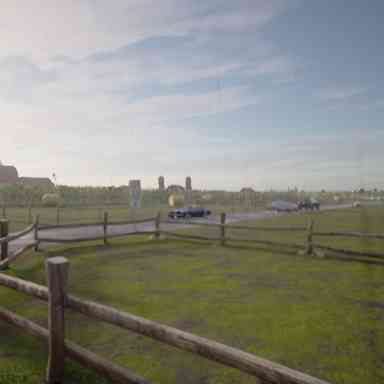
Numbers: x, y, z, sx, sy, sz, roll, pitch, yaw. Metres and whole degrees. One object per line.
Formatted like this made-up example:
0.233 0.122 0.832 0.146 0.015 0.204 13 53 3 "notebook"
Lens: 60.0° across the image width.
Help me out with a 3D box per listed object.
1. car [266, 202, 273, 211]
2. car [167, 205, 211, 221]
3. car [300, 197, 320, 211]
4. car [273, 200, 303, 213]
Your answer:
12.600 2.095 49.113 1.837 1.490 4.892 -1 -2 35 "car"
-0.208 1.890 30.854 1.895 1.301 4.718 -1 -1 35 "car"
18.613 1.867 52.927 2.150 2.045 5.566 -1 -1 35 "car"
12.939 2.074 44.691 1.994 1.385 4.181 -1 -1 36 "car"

◇ ◇ ◇ ◇ ◇

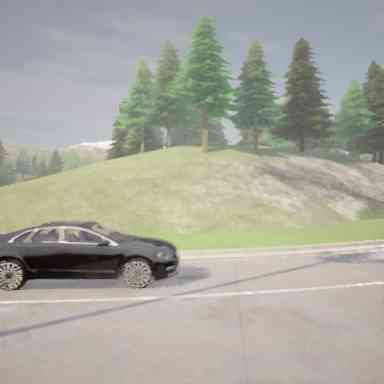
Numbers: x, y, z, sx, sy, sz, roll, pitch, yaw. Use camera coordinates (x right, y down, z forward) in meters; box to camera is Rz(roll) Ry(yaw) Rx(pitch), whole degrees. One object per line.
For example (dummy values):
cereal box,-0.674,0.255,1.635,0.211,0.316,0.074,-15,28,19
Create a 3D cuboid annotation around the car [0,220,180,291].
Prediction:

◇ ◇ ◇ ◇ ◇

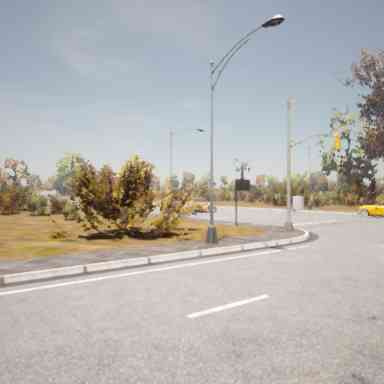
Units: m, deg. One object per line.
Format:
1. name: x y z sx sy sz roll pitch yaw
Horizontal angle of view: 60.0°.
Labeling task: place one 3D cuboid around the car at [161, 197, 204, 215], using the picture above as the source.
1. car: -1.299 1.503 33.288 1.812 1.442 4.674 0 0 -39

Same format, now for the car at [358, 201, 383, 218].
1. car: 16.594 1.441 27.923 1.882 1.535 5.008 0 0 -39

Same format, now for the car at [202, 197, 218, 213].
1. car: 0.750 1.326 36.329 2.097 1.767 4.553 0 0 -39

◇ ◇ ◇ ◇ ◇

WHAT TO DO:
Whenever the string "degrees" turns up in a line of the material, that line counts; say how many such lines there are, giving the number only.

ANSWER TO THIS EXERCISE:
2